BEGIN The data

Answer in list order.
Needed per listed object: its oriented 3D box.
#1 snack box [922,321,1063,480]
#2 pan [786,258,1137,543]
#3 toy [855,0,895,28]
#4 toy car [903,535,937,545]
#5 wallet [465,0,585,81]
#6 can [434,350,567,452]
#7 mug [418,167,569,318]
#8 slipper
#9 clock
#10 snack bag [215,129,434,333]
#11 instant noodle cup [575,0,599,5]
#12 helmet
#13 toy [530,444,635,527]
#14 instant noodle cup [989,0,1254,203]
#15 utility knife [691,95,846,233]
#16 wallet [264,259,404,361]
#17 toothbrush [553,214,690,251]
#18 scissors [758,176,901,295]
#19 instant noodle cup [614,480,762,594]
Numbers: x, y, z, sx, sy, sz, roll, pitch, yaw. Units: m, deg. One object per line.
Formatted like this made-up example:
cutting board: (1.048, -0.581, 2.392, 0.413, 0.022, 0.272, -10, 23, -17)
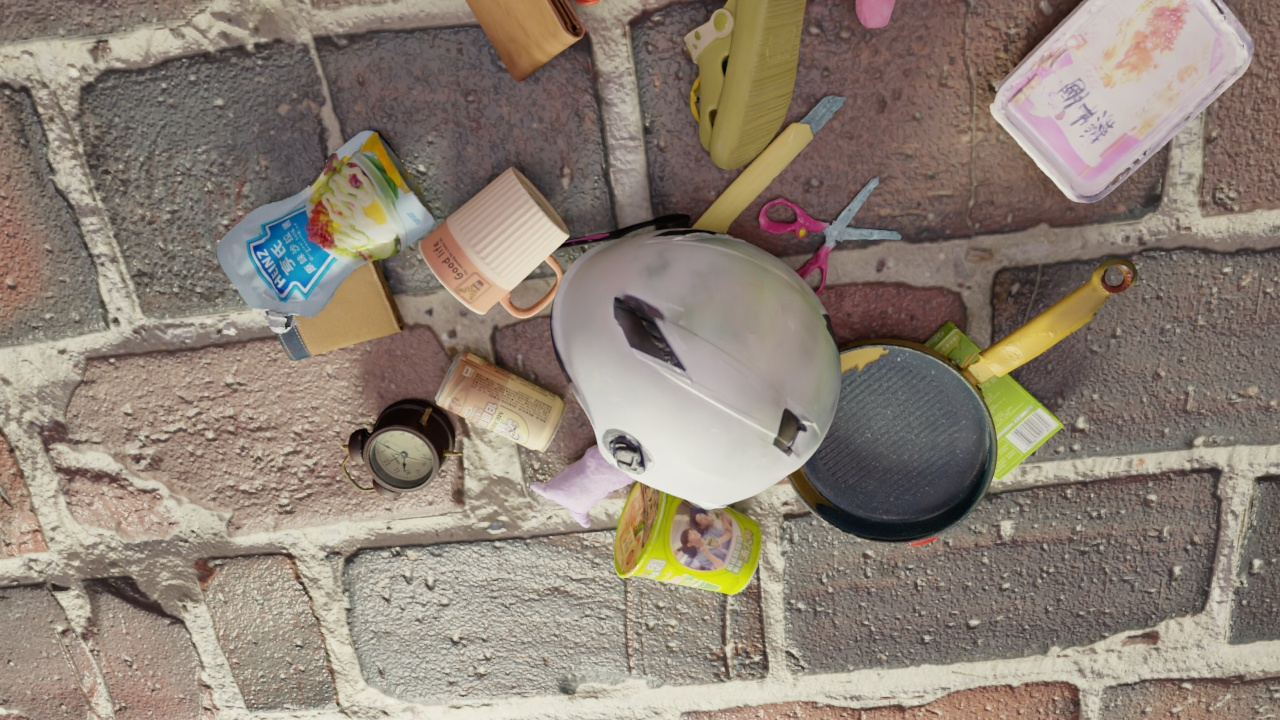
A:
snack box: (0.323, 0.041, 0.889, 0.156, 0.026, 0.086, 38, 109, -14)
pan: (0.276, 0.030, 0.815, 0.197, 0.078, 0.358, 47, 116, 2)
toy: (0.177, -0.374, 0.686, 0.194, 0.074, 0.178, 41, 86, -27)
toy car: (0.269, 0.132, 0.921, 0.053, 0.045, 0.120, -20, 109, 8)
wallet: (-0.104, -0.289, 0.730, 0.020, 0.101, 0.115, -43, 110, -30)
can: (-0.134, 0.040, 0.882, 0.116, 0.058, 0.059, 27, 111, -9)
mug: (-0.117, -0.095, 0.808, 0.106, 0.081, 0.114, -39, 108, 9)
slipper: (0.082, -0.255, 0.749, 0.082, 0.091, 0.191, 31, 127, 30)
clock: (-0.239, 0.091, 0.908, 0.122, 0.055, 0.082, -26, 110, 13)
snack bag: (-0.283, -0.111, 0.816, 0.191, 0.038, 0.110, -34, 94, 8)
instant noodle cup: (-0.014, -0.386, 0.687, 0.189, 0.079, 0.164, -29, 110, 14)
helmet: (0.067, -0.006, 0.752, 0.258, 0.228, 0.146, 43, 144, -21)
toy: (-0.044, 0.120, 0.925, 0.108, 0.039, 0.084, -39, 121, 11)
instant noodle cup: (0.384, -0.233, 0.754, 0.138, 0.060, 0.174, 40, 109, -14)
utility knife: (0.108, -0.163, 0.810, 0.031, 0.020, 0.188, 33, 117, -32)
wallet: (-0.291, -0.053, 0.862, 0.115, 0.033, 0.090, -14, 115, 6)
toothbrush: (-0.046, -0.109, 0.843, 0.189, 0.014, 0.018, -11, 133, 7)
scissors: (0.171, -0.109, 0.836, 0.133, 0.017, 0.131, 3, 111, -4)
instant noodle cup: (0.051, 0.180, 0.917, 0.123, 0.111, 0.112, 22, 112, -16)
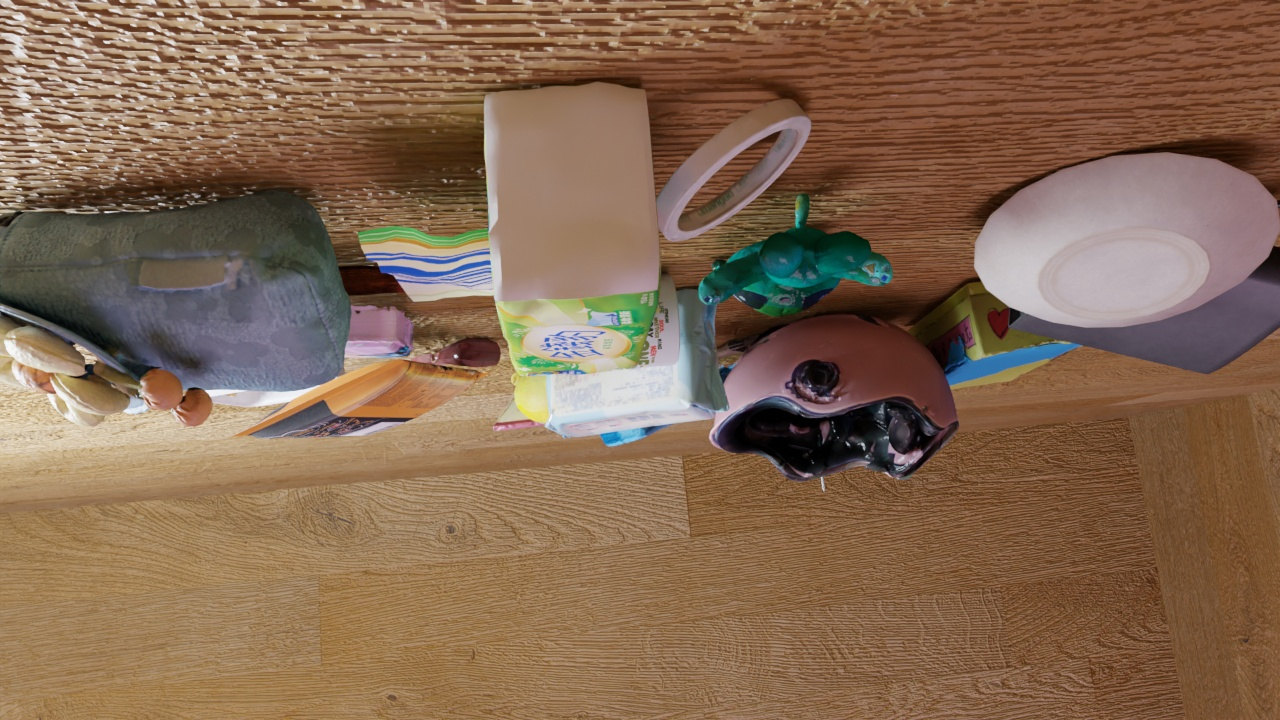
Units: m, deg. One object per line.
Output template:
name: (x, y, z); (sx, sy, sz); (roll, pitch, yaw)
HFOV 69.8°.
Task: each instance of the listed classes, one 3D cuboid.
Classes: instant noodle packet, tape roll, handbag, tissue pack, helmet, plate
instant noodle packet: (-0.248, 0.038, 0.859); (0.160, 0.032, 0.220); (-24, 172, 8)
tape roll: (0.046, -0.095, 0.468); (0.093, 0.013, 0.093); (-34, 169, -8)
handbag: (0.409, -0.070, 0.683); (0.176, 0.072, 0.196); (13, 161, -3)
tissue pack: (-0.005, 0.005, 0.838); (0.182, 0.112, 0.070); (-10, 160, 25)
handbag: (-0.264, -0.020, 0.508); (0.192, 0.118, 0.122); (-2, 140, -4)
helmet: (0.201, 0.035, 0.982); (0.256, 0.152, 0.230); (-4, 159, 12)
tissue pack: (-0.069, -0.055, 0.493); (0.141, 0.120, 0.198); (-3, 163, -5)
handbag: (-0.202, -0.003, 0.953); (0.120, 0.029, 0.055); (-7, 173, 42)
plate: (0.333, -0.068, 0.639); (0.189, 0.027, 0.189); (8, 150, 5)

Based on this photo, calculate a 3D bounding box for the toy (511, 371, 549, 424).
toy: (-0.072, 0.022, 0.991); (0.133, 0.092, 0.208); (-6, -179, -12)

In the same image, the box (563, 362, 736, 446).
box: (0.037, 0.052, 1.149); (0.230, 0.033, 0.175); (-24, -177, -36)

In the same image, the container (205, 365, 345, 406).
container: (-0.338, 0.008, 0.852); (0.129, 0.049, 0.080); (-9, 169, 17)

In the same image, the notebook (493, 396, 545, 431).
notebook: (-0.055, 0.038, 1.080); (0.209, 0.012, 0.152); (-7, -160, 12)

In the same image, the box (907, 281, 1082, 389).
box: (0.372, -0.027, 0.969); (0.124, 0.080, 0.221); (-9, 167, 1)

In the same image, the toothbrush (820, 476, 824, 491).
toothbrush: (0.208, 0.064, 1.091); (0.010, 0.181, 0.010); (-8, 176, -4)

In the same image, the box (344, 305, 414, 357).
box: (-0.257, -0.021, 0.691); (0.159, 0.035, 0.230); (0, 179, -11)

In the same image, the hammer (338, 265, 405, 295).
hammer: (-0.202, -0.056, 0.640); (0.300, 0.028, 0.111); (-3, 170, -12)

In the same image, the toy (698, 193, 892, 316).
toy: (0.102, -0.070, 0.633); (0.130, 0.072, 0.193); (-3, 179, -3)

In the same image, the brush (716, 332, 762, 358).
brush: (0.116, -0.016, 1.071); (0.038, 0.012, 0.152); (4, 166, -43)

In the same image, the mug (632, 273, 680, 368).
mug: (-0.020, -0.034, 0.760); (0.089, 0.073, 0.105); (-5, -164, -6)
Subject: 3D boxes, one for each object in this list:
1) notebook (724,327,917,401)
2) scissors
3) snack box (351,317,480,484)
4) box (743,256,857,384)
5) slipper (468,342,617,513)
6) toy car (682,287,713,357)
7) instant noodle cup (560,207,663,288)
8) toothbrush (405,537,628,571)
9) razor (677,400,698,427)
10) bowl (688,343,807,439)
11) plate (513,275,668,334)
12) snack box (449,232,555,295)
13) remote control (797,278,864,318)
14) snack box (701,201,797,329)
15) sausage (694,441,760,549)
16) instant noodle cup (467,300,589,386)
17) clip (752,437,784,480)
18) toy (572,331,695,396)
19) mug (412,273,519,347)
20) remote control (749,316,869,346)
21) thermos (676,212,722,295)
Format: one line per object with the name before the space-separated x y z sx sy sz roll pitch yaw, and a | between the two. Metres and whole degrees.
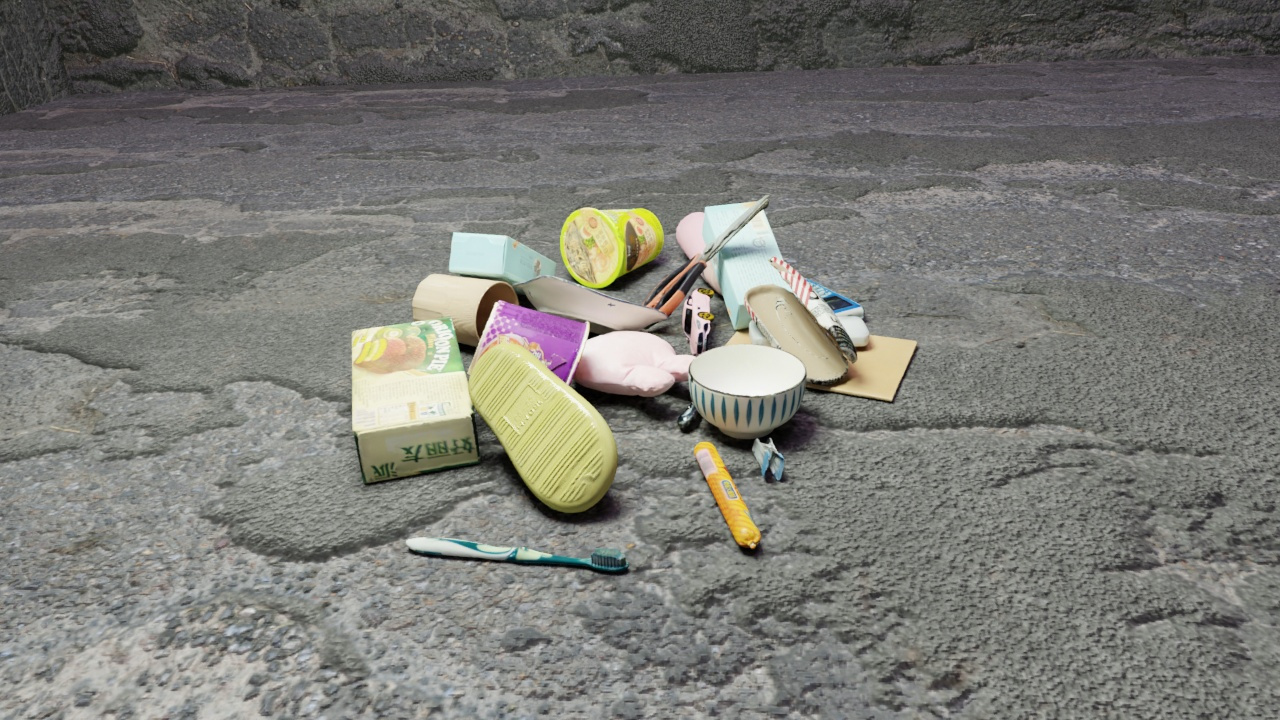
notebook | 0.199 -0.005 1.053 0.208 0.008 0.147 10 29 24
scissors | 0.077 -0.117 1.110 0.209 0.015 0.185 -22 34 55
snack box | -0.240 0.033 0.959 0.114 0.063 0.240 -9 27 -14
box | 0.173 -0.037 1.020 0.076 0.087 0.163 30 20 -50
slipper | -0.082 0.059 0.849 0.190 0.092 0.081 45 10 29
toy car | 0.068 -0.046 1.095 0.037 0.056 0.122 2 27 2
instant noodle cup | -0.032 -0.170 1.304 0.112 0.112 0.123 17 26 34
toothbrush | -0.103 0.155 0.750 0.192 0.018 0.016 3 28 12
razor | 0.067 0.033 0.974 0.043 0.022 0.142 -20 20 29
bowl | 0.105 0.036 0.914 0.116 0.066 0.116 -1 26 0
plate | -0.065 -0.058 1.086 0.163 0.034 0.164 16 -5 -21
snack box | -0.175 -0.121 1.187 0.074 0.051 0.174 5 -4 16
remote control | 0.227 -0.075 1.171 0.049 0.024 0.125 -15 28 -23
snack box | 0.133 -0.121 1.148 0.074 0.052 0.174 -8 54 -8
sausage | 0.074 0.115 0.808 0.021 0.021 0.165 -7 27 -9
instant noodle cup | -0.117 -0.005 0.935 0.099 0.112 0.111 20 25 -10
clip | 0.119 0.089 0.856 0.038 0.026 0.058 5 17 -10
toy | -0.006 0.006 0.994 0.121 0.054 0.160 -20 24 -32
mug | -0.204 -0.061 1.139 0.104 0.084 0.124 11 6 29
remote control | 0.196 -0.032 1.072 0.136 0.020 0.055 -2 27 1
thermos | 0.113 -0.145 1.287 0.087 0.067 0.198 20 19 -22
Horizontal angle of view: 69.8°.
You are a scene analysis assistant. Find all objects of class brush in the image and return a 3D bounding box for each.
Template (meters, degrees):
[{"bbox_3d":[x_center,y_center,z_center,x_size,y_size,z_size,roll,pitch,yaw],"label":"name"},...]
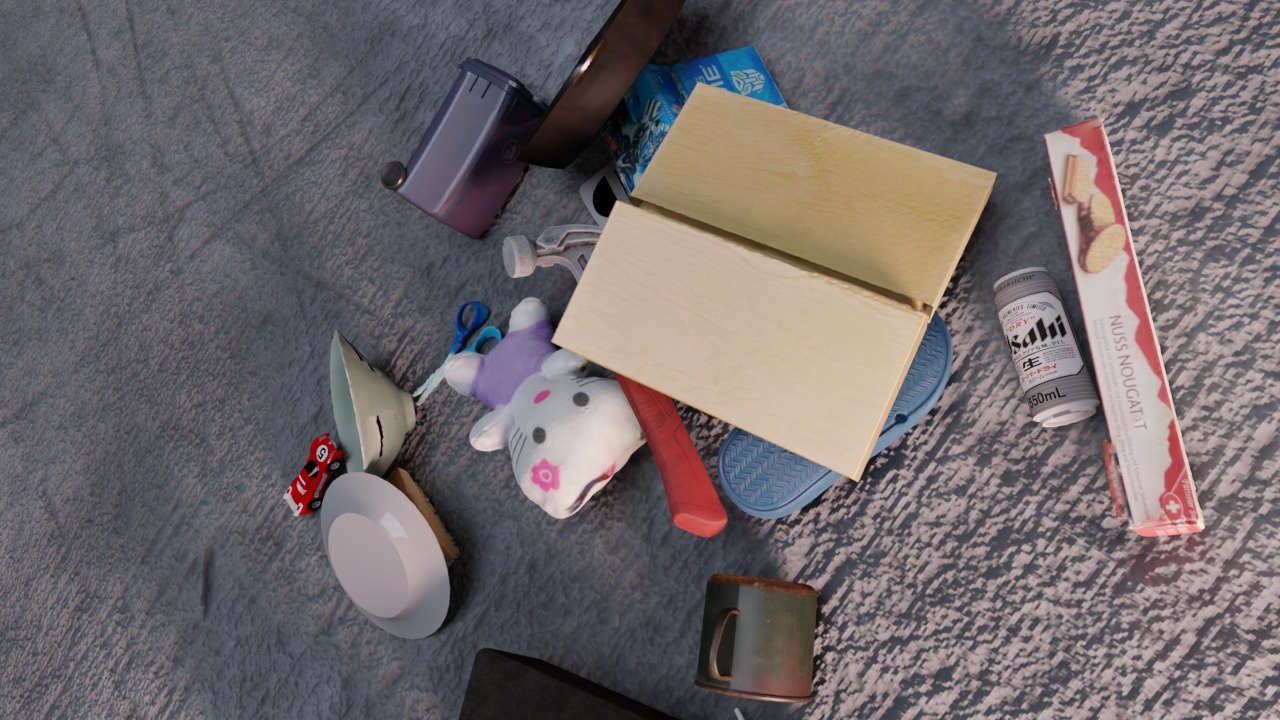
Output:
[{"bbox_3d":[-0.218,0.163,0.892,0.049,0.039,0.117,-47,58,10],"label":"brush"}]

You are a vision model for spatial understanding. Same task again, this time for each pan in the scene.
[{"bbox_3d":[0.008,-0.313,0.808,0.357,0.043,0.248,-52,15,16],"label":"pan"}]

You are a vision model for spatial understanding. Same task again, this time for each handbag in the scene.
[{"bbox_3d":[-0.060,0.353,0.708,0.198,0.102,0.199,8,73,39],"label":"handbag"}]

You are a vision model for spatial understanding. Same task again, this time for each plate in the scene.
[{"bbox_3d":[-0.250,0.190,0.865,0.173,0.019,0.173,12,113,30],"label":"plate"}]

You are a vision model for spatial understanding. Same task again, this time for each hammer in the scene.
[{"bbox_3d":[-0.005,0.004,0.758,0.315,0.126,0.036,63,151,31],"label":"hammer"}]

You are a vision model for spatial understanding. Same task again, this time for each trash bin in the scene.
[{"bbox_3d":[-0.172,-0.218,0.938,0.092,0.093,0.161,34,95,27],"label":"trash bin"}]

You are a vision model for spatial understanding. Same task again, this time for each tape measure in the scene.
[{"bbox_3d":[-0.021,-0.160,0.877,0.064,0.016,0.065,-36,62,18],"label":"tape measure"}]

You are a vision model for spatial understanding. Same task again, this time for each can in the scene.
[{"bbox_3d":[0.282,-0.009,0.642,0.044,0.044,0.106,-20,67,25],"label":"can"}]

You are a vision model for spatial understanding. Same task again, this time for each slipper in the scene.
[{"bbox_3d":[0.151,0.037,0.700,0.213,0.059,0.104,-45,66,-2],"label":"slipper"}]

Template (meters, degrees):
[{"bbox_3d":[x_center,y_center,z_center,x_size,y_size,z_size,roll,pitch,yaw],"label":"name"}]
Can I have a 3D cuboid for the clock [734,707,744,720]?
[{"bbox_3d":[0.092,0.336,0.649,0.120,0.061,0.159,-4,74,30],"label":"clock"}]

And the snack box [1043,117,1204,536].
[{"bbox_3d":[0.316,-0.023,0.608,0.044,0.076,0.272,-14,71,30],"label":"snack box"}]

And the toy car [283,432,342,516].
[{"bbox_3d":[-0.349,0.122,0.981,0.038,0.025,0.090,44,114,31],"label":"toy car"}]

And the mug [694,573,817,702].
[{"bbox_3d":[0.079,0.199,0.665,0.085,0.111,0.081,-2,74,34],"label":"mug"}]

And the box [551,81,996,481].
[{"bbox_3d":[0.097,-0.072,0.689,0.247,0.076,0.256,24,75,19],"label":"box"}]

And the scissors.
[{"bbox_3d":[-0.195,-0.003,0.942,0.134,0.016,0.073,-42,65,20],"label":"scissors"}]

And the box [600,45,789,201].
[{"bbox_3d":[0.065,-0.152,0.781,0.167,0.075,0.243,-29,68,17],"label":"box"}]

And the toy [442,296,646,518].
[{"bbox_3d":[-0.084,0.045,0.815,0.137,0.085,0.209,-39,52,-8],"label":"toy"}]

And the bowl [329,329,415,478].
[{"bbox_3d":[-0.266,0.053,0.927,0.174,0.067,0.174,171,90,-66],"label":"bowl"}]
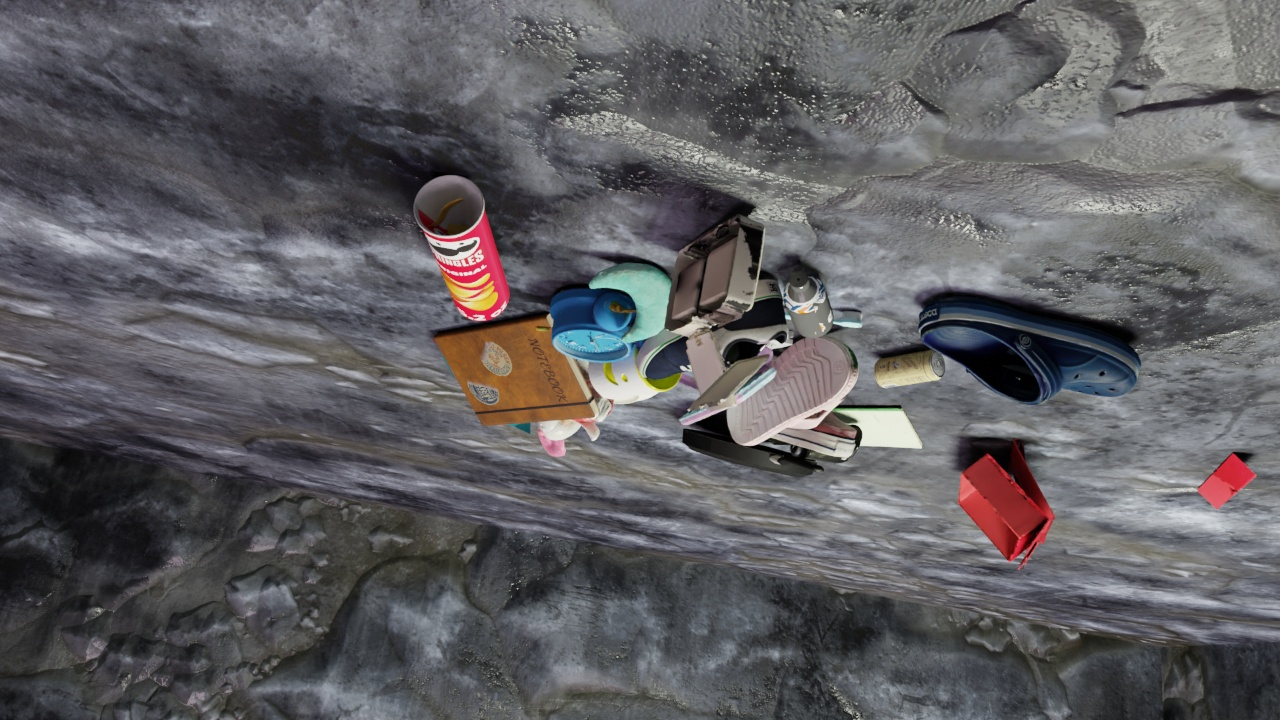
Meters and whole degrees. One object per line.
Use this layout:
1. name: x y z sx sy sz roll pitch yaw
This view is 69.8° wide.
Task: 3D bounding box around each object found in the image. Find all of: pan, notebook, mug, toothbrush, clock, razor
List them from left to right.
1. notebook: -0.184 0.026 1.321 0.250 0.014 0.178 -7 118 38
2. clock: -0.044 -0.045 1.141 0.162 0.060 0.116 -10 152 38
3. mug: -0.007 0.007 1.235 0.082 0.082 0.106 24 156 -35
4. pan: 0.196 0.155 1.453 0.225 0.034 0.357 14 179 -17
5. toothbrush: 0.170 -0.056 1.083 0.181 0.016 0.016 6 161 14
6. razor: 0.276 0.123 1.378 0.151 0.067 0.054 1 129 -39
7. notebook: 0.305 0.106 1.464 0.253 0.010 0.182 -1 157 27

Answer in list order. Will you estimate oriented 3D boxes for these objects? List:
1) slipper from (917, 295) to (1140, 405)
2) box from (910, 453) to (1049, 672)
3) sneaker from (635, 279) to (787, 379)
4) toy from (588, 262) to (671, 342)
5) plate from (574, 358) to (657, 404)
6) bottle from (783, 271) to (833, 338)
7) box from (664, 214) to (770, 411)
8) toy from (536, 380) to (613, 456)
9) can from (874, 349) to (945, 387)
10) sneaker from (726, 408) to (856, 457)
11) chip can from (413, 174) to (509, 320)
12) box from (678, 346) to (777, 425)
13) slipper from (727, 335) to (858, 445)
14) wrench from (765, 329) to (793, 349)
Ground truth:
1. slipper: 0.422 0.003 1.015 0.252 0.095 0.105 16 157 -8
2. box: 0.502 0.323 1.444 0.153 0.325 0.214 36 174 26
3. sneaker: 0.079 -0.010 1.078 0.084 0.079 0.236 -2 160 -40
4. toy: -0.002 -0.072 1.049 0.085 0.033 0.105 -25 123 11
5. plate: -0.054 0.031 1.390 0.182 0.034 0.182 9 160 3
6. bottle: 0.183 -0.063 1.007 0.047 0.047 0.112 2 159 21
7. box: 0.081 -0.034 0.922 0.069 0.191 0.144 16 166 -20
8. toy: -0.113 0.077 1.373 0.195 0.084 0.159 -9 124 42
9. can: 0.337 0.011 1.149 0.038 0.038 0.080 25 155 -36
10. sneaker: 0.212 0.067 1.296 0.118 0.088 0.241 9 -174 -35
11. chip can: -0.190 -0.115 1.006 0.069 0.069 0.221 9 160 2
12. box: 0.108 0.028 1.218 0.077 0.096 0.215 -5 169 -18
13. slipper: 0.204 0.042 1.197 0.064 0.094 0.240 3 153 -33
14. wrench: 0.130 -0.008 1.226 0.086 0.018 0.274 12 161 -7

END The data

Task details:
Among the lines above, return those that contain the string "Answer".

Output:
Answer in list order.
Answer in list order. Will you estimate oriented 3D boxes for these objects? List:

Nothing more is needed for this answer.